City Council approval of the Water Forward Plan in two weeks would mark the end of a nearly four-year effort by city staff to produce what one Austin Water official called the “most important water plan that’s been produced in the United States.”

The plan, which Community Impact Newspaper covered extensively in June, responds to claims by the city’s water experts that if Austin continues current methods of pulling water from the Colorado River, the city continues to grow at such a rapid clip—four million people by 2115—and problems associated with climate change persist, then Austin will not have enough water for its population.

Recommendations in the plan include investments in water storage techniques—aquifer storage, which stores water into an underground reservoir for the city to lean on during intense droughts—and a change in the city’s conservation culture that would employ broader methods and use of recycled water.

Mayor Steve Adler said the Water Forward Plan represents the most important work taking place in Austin. Adler initially highlighted the plan during his February State of the City address, however, news and updates on the plan remained slim until the Nov. 13 work session.

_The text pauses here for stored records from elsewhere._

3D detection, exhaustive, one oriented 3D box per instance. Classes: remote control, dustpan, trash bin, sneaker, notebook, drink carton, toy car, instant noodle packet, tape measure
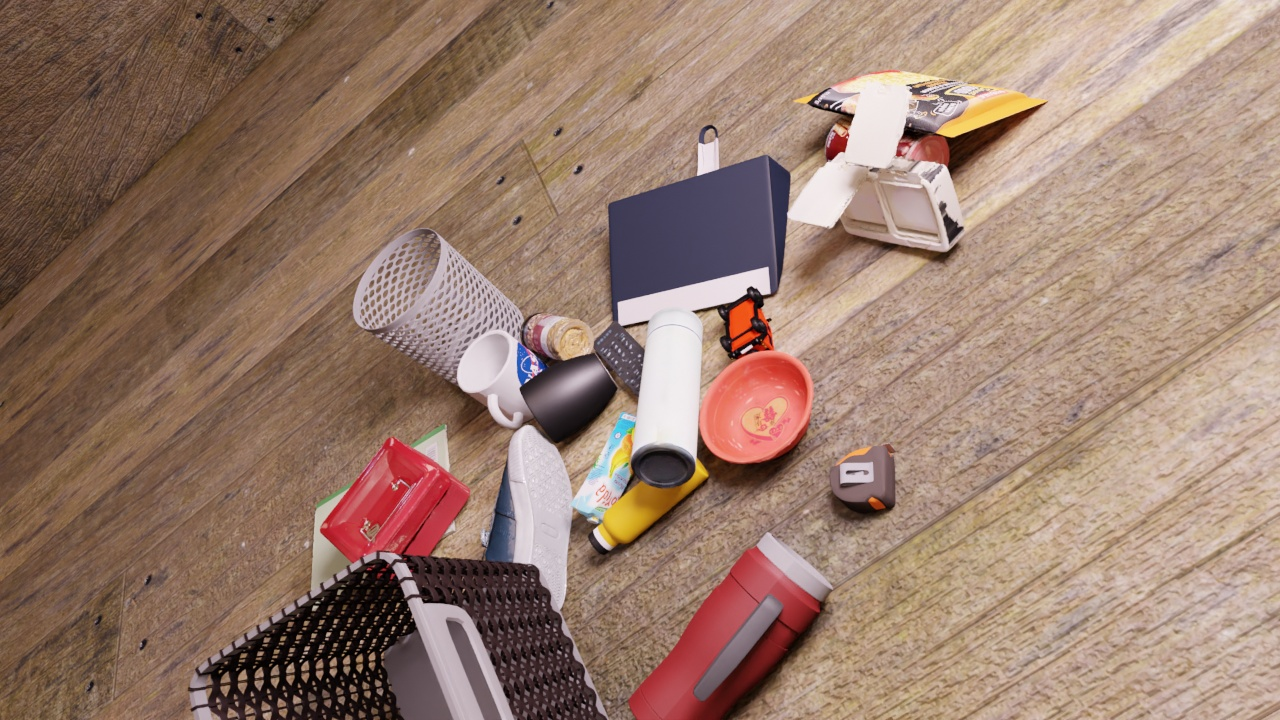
[{"bbox_3d":[-0.007,0.007,1.118,0.047,0.022,0.150,-45,45,3],"label":"remote control"},{"bbox_3d":[0.077,-0.187,1.175,0.237,0.080,0.273,-11,75,33],"label":"dustpan"},{"bbox_3d":[-0.268,-0.063,1.255,0.157,0.183,0.156,-21,50,26],"label":"trash bin"},{"bbox_3d":[-0.137,0.191,1.049,0.088,0.089,0.235,-23,53,31],"label":"sneaker"},{"bbox_3d":[-0.358,0.214,1.259,0.253,0.010,0.181,-32,46,17],"label":"notebook"},{"bbox_3d":[-0.030,0.123,1.038,0.039,0.044,0.128,15,69,44],"label":"drink carton"},{"bbox_3d":[0.120,-0.035,1.024,0.051,0.049,0.100,-33,30,24],"label":"toy car"},{"bbox_3d":[0.307,-0.289,1.021,0.159,0.032,0.221,-24,35,-28],"label":"instant noodle packet"},{"bbox_3d":[0.208,0.110,0.861,0.059,0.038,0.058,-13,54,32],"label":"tape measure"}]

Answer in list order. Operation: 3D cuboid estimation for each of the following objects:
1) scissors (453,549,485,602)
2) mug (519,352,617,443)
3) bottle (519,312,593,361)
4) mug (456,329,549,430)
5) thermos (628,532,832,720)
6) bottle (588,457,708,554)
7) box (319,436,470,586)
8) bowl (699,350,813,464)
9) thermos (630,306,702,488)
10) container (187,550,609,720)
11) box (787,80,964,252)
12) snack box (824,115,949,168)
[{"bbox_3d":[-0.187,0.292,1.022,0.158,0.012,0.171,-13,76,56],"label":"scissors"},{"bbox_3d":[-0.085,0.036,1.127,0.100,0.085,0.119,-34,14,-1],"label":"mug"},{"bbox_3d":[-0.109,-0.030,1.183,0.105,0.056,0.056,14,70,57],"label":"bottle"},{"bbox_3d":[-0.173,0.034,1.179,0.091,0.090,0.121,-23,49,24],"label":"mug"},{"bbox_3d":[0.079,0.254,0.815,0.084,0.108,0.198,40,91,10],"label":"thermos"},{"bbox_3d":[0.005,0.154,0.987,0.144,0.043,0.043,-41,44,8],"label":"bottle"},{"bbox_3d":[-0.310,0.193,1.170,0.129,0.087,0.157,26,74,45],"label":"box"},{"bbox_3d":[0.128,0.056,0.956,0.131,0.045,0.130,-21,50,26],"label":"bowl"},{"bbox_3d":[0.032,0.034,0.995,0.068,0.068,0.229,-24,33,24],"label":"thermos"},{"bbox_3d":[-0.196,0.328,0.829,0.246,0.243,0.247,-34,69,15],"label":"container"},{"bbox_3d":[0.220,-0.174,0.927,0.104,0.187,0.144,-44,35,-18],"label":"box"},{"bbox_3d":[0.273,-0.229,1.024,0.072,0.072,0.121,-51,43,-3],"label":"snack box"}]

The timing is coincidental as the city continues its post-mortem examination of the late-October boil water notice. During that water emergency, assistant director of Austin Water Daryl Slusher said pieces of the Water Forward Plan could get pushed forward more quickly than originally planned.

Austin City Council is poised to approve the 100-year water plan on Thursday, Nov. 29. Upon City Council approval, Austin Water director Greg Meszaros said a robust public input process would begin as the city tries to draft policies related to recycled water and infrastructure in new developments.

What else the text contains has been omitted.